Because of this, Robots.txt is a subpar tool for blocking content from being indexed.

Use the’meta noindex’ tag as an alternative instead.

In pages you don’t wish to be indexed, add the next tag:

“robots” meta tag with “noindex” content

The best way to prevent a page from being indexed is with this SEO-friendly technique, albeit it still doesn’t stop spammers.

Note: You may do this without modifying any code if you use a WordPress plugin like Yoast SEO or All in One SEO. For instance, you can apply the noindex tag to individual posts or pages in the Yoast SEO plugin as follows:

Simply access the post/page in question and select the Yoast SEO box’s cog. Then select ‘Meta robots index’ from the dropdown menu.

Additionally, starting on September 1st, Google will no longer support the usage of “noindex” in robots.txt files. More details can be found in this SearchEngineLand article.

Making 2: Using Robots.txt to Protect private content

Blocking the directory using a Robots.txt file will assist, but it is insufficient if you have private content, such as PDFs for an email course.

This is why:

If your content contains links from other websites, it can still be indexed. And malicious bots will continue to crawl it.

Keeping all private stuff behind a login is a preferable approach. This will make sure that neither malicious bots nor actual bots will be able to access your material.

The drawback is that it adds another hurdle for your guests to clear. Your stuff will be safer though.

Mistake 3: Using Robots.txt to stop duplicate content from getting indexed

When it comes to SEO, duplicate material is a big no-no.

Robots.txt is not the answer, though, as it does not prevent this content from being indexed. Once more, there is no assurance that this content won’t be discovered by search engine spiders from outside sources.

The following 3 methods also use duplicate content:

Remove duplicate content; doing so will completely remove the content. Although not ideal, this indicates that you are directing search engines to 404 sites. Consequently, deletion is not advised.

Use a 301 redirect – A 301 redirect notifies users and search engines that a page has moved. To direct visitors to your original material, just add a 301 redirect to any duplicate content.

301 redirects are’meta’ versions of the rel=”canonical” tag, which you should add. The “rel=canonical” element informs Google of the URL of the original version of a given page. As in the following code:

A link with the target “http://example.com/original-page.html” rel=”canonical” is displayed.

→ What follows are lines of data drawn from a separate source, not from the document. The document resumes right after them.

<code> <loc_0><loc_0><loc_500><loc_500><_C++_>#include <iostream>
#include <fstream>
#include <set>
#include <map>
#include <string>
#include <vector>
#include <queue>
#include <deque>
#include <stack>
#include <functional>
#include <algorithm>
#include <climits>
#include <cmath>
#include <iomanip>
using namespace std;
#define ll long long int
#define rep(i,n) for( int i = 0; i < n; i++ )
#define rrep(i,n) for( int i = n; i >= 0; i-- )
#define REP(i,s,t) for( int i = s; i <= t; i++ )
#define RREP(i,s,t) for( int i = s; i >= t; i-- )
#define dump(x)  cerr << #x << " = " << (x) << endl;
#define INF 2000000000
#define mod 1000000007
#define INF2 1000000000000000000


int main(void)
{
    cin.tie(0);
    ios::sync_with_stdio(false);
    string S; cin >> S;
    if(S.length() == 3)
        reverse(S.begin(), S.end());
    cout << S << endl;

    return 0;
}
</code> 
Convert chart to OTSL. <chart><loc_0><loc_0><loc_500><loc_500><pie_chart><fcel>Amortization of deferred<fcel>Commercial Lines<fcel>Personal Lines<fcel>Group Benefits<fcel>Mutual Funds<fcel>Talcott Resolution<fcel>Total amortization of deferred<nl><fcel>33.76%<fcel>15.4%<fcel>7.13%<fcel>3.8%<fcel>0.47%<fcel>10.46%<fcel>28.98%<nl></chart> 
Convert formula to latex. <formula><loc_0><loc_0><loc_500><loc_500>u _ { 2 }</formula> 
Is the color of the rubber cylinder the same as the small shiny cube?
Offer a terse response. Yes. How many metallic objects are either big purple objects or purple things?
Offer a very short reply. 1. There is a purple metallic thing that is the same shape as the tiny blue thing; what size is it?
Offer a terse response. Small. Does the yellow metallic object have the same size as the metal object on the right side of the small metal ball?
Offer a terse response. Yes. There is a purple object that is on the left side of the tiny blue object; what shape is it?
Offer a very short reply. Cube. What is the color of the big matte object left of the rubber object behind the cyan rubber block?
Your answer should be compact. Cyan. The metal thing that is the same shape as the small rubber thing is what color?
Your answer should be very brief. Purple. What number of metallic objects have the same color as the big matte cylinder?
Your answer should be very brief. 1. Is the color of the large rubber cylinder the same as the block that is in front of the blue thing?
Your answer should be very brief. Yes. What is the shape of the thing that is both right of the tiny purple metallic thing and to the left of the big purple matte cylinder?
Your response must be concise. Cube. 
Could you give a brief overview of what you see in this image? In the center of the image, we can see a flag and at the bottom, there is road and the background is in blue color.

identifies original-page.html as the “original” version of the duplicate page, letting Google know. Yoast SEO or All in One SEO make it simple to add this tag if you use WordPress.

Use the rel=”canonical” tag if you want users to be able to access the duplicate material. Use a 301 redirect if you don’t want site visitors or search engine robots to view the information.

Both should be implemented with caution because they will affect your SEO.

Over to you

The Robots.txt file can help you control how web crawlers and other bots interact with your site. They can improve your rankings and make your site easier to crawl when applied properly.

Use this manual to learn how Robots.txt functions, how to install it, and some typical applications for it. And stay clear of the errors we covered above.